The first line of the data below and every line after it, through the one with "- person (129,524,170,639)", must be transcribed without change.

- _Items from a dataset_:
---*---
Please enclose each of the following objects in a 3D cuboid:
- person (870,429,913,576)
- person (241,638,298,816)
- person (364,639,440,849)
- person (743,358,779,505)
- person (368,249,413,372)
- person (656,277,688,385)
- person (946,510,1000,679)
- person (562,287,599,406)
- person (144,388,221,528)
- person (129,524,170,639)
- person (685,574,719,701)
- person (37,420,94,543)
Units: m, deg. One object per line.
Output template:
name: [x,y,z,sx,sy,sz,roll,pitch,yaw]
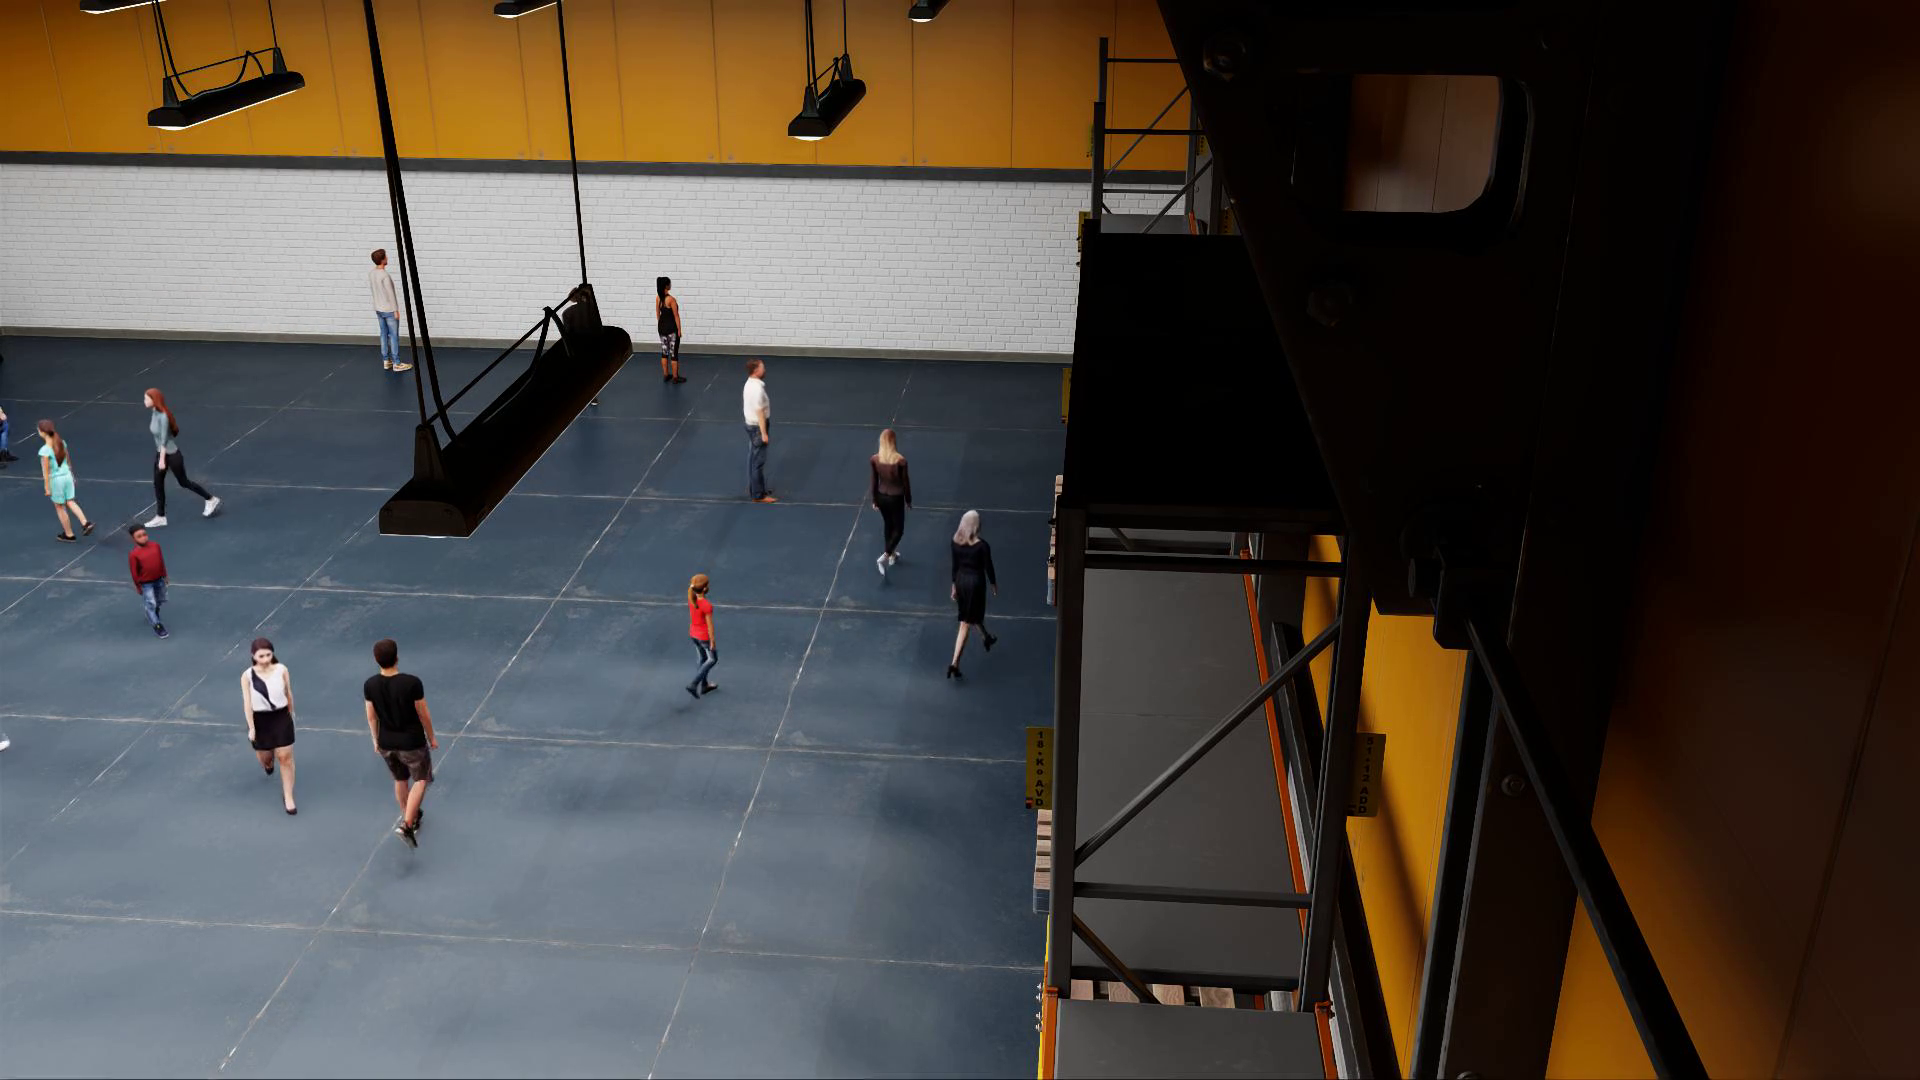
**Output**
person: [-0.799,-0.411,18.840,0.799,1.686,1.063,9,25,19]
person: [-5.967,1.572,14.368,0.864,1.635,0.971,-14,27,-30]
person: [-4.648,1.712,13.783,0.691,1.846,0.956,1,24,2]
person: [-2.569,-1.393,20.875,0.792,1.856,0.638,-6,24,-13]
person: [-8.900,-3.574,25.803,0.762,1.904,0.768,17,29,34]
person: [-4.430,-3.211,25.277,0.653,1.661,0.658,15,28,31]
person: [0.082,0.579,16.569,0.973,1.690,1.276,14,27,29]
person: [-5.519,-2.810,24.187,0.802,1.799,0.702,19,30,36]
person: [-9.500,-0.999,20.158,1.148,1.709,1.054,-21,31,-39]
person: [-8.569,0.397,17.538,0.730,1.248,0.714,15,28,31]
person: [-2.556,0.960,16.186,0.679,1.300,0.767,19,30,36]
person: [-10.580,-0.689,19.643,0.712,1.553,0.734,8,25,17]
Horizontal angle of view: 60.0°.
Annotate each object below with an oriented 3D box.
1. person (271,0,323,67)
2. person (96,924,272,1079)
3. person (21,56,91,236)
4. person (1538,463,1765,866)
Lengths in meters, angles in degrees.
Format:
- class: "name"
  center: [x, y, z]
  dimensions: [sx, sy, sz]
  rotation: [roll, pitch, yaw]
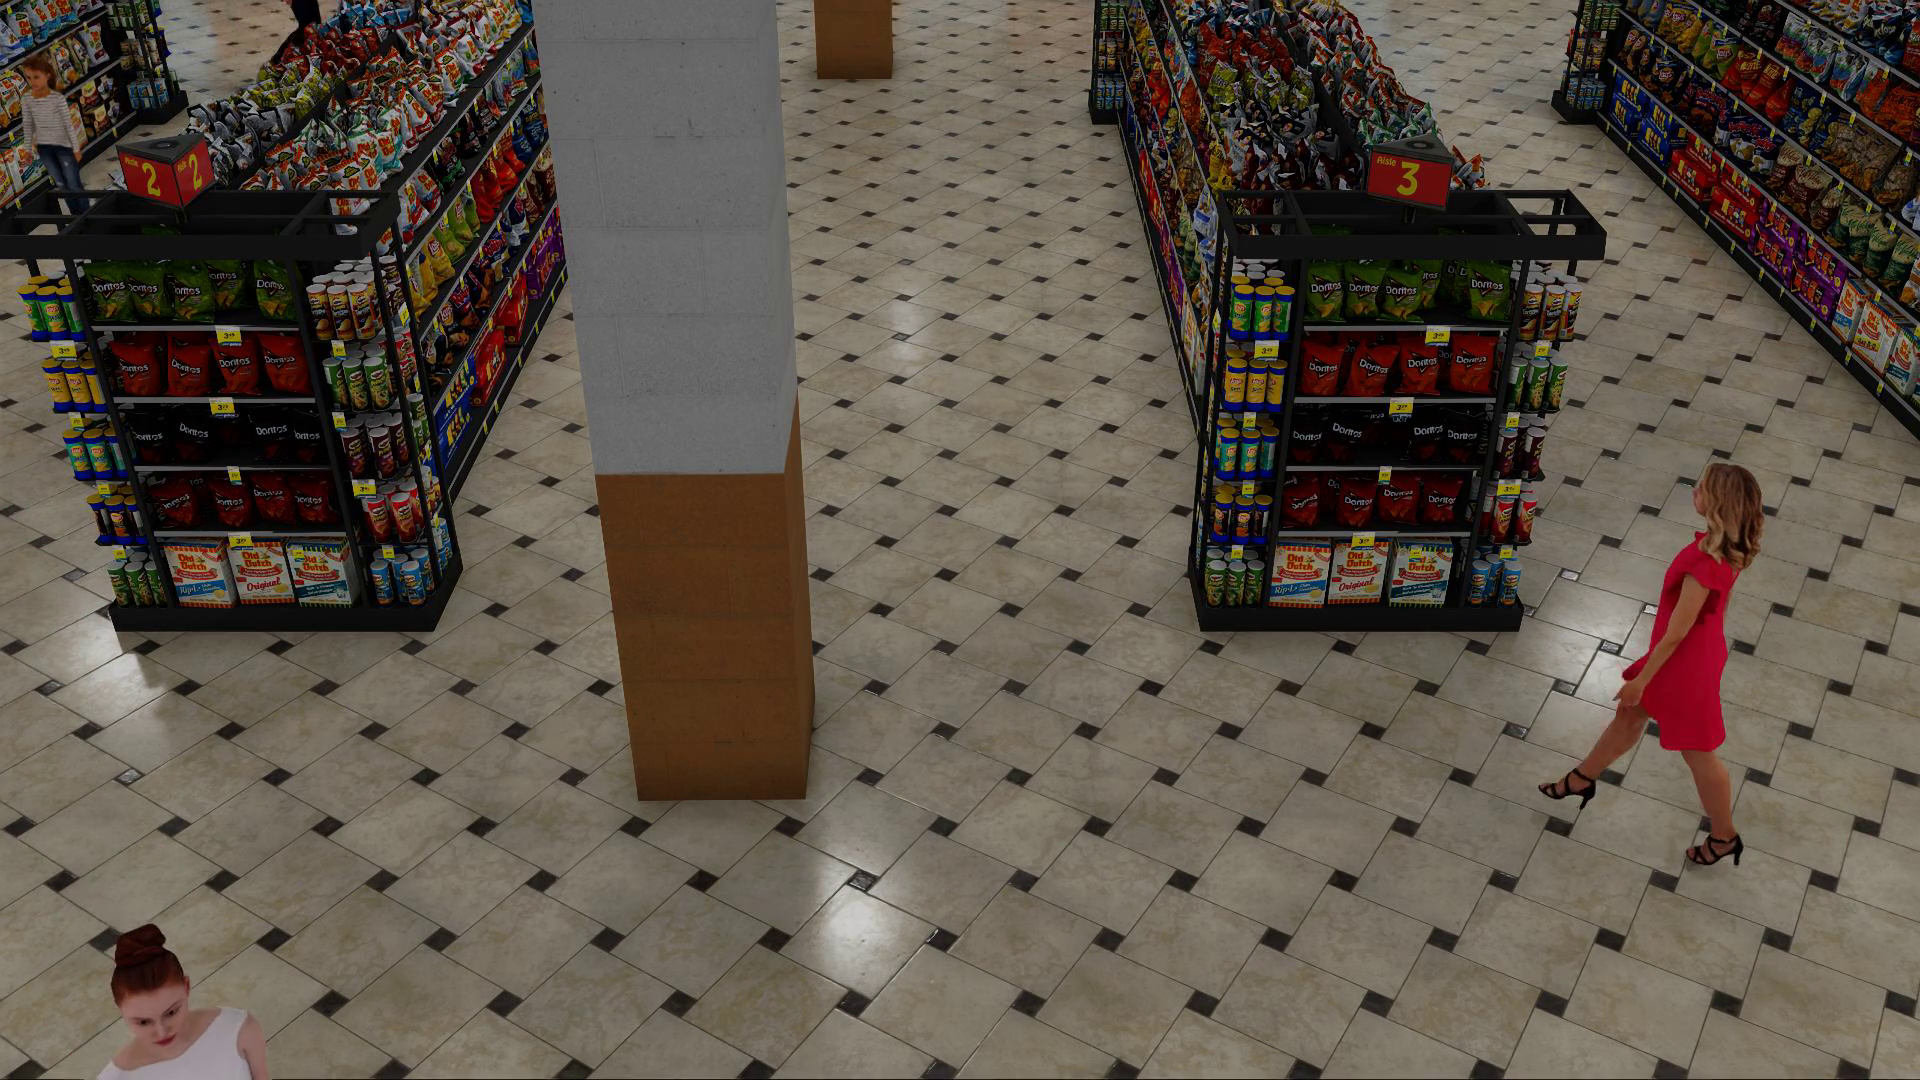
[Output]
- class: "person"
  center: [-6.009, -4.965, 14.882]
  dimensions: [0.783, 1.819, 0.717]
  rotation: [1, 32, 1]
- class: "person"
  center: [-1.918, 1.647, 4.295]
  dimensions: [0.896, 1.777, 1.016]
  rotation: [-22, 38, -31]
- class: "person"
  center: [-6.445, -2.809, 11.897]
  dimensions: [0.488, 1.310, 0.568]
  rotation: [1, 32, 2]
- class: "person"
  center: [2.783, 0.529, 6.185]
  dimensions: [1.001, 1.678, 1.037]
  rotation: [20, 37, 29]
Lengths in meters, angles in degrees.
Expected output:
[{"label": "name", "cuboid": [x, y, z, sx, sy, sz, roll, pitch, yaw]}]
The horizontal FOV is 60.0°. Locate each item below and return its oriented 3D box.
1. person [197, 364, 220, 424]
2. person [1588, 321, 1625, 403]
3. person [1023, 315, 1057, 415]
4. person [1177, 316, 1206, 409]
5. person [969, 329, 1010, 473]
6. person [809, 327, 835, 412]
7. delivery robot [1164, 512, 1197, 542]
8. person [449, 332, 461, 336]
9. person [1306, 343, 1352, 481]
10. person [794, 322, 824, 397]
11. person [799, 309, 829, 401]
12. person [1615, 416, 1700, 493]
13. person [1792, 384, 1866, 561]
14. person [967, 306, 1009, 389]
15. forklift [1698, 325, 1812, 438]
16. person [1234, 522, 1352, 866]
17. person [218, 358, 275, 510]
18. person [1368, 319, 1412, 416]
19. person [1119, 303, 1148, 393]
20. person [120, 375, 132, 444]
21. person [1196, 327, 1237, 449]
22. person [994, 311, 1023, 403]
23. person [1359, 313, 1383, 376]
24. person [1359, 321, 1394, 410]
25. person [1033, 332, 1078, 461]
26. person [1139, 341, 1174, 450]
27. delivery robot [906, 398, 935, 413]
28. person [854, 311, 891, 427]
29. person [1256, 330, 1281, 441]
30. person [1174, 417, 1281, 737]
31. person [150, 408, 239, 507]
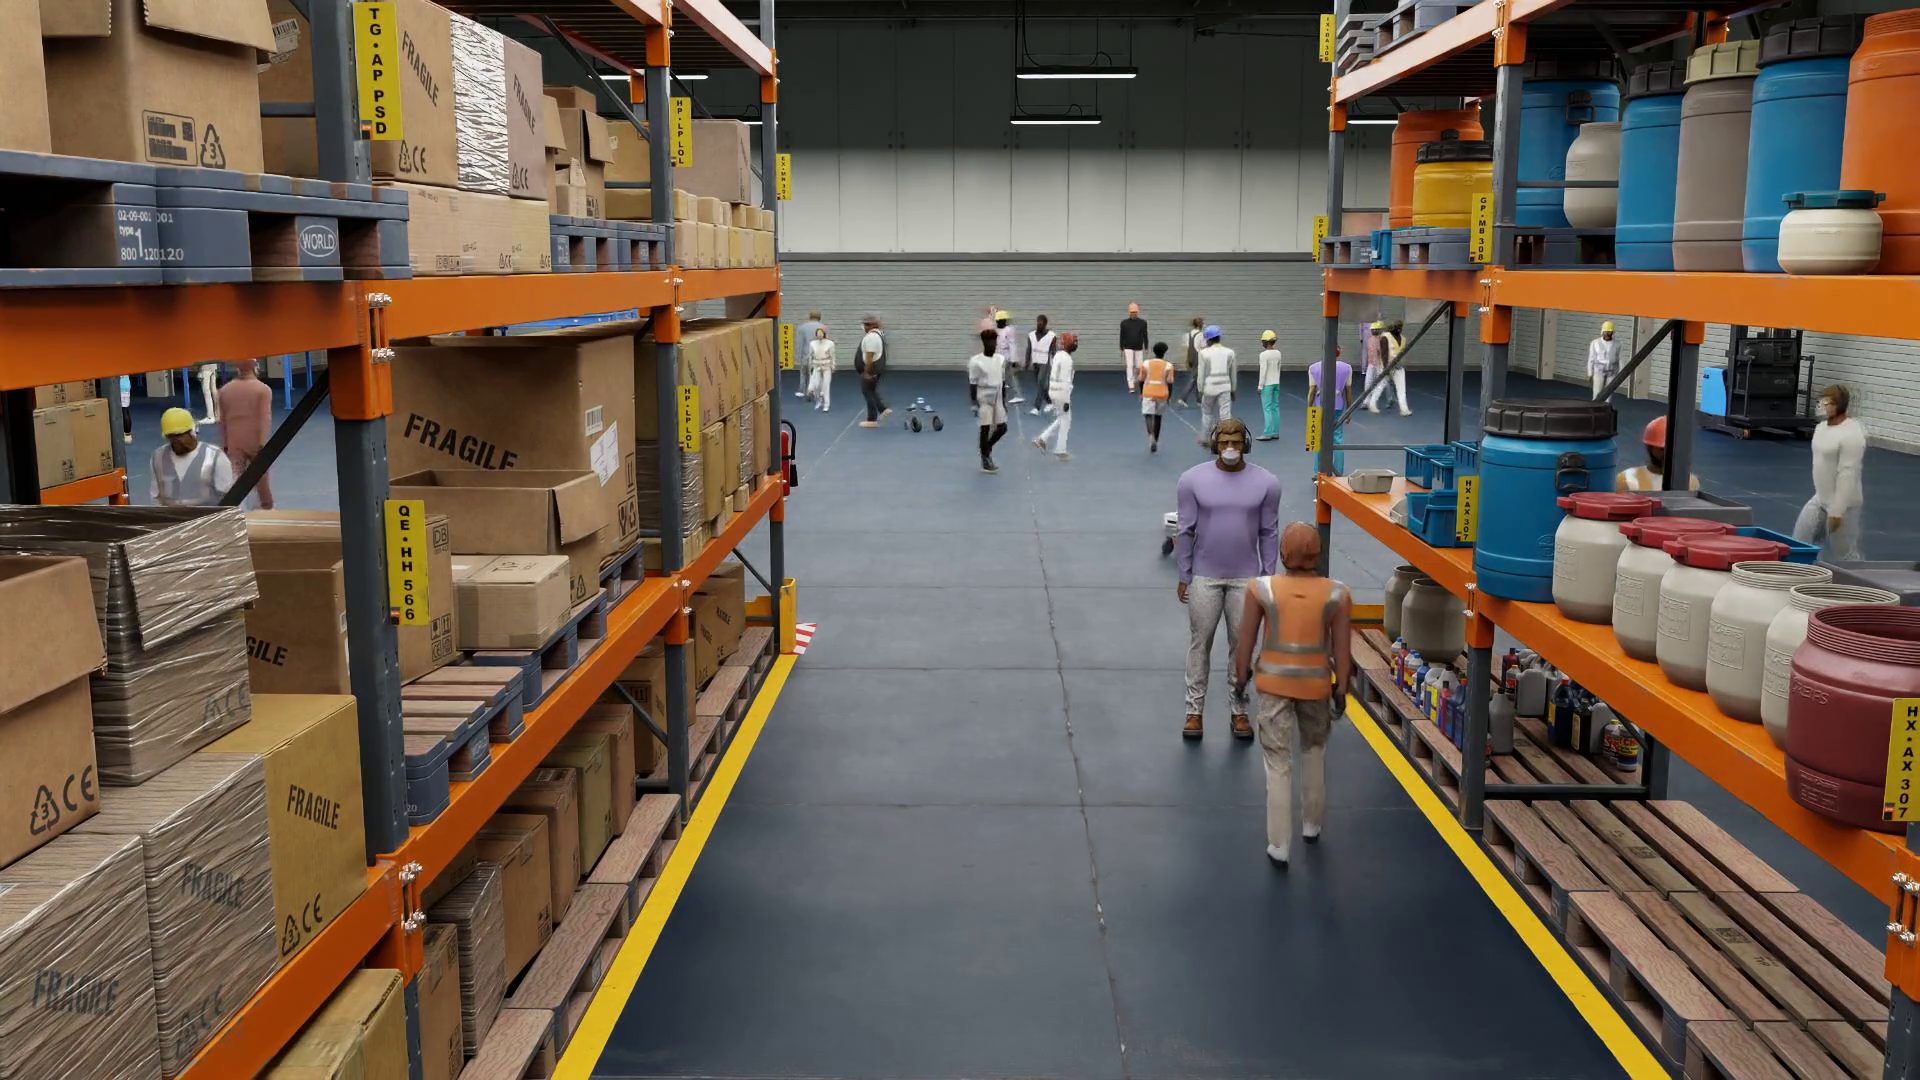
[{"label": "person", "cuboid": [-13.420, -3.008, 29.631, 0.319, 1.858, 0.516, 1, 10, 7]}, {"label": "person", "cuboid": [11.508, -2.978, 29.591, 0.597, 1.810, 0.679, 3, 10, 15]}, {"label": "person", "cuboid": [1.569, -3.344, 31.576, 0.594, 1.879, 0.970, 7, 12, 36]}, {"label": "person", "cuboid": [4.605, -3.490, 32.659, 0.931, 1.813, 0.519, -6, 11, -32]}, {"label": "person", "cuboid": [0.401, -1.898, 22.655, 0.629, 1.955, 0.428, -8, 12, -39]}, {"label": "person", "cuboid": [-2.648, -3.274, 31.911, 0.524, 1.625, 0.370, 1, 10, 9]}, {"label": "delivery robot", "cuboid": [2.342, -0.181, 16.418, 0.707, 0.478, 0.477, -9, 13, -41]}, {"label": "person", "cuboid": [-7.181, -2.038, 23.792, 0.528, 1.860, 0.313, -8, 13, -41]}, {"label": "person", "cuboid": [4.816, -1.680, 21.692, 0.571, 1.843, 0.373, 0, 9, 2]}, {"label": "person", "cuboid": [-3.178, -3.821, 35.270, 0.511, 1.593, 0.865, -9, 13, -44]}, {"label": "person", "cuboid": [-3.046, -3.846, 34.576, 0.642, 1.892, 1.016, 2, 10, 14]}, {"label": "person", "cuboid": [4.438, 0.153, 10.598, 0.565, 1.883, 0.984, 0, 9, -3]}, {"label": "person", "cuboid": [6.729, -0.264, 13.036, 0.867, 1.902, 0.648, 0, 9, 0]}, {"label": "person", "cuboid": [0.631, -4.397, 37.887, 0.896, 1.880, 0.638, -2, 10, -9]}, {"label": "forklift", "cuboid": [13.248, -3.165, 27.620, 1.129, 2.768, 1.873, 0, 9, 1]}, {"label": "person", "cuboid": [1.594, 0.716, 8.035, 0.535, 1.615, 0.667, 1, 9, 3]}, {"label": "person", "cuboid": [-7.855, -1.088, 18.233, 0.647, 1.832, 1.044, 0, 9, 3]}, {"label": "person", "cuboid": [8.108, -3.252, 31.278, 0.618, 1.803, 0.989, -5, 11, -26]}, {"label": "person", "cuboid": [3.811, -4.238, 36.622, 0.630, 1.972, 0.622, 0, 9, -1]}, {"label": "person", "cuboid": [-13.266, -2.366, 26.245, 0.318, 1.697, 0.533, -3, 10, -19]}, {"label": "person", "cuboid": [3.838, -2.258, 25.015, 0.660, 1.877, 0.985, -2, 10, -9]}, {"label": "person", "cuboid": [0.851, -3.692, 33.677, 1.002, 1.869, 0.610, -3, 10, -17]}, {"label": "person", "cuboid": [10.430, -5.123, 42.129, 0.638, 1.910, 0.407, 8, 12, 40]}, {"label": "person", "cuboid": [8.189, -3.428, 32.493, 0.861, 1.731, 0.523, -8, 12, -39]}, {"label": "person", "cuboid": [1.423, -2.077, 24.023, 0.544, 1.858, 0.590, -3, 10, -15]}, {"label": "person", "cuboid": [2.967, -2.167, 25.136, 0.533, 1.667, 0.739, 0, 9, 3]}, {"label": "delivery robot", "cuboid": [-0.669, -2.312, 28.405, 0.335, 0.223, 0.698, -5, 11, -30]}, {"label": "person", "cuboid": [-1.576, -2.969, 28.959, 0.540, 2.000, 0.701, 1, 10, 8]}, {"label": "person", "cuboid": [4.954, -2.484, 26.743, 0.527, 1.768, 0.331, -9, 13, -44]}, {"label": "person", "cuboid": [1.603, 0.224, 10.010, 0.627, 1.940, 0.376, 1, 10, 4]}, {"label": "person", "cuboid": [-5.712, -0.094, 12.374, 0.693, 1.773, 0.854, 0, 9, -3]}]
---*---
- _WRITTEN SOLUTION_:
Please enclose each of the following objects in a 3D cuboid:
- person (870,429,913,576)
- person (241,638,298,816)
- person (364,639,440,849)
- person (743,358,779,505)
- person (368,249,413,372)
- person (656,277,688,385)
- person (946,510,1000,679)
- person (562,287,599,406)
- person (144,388,221,528)
- person (129,524,170,639)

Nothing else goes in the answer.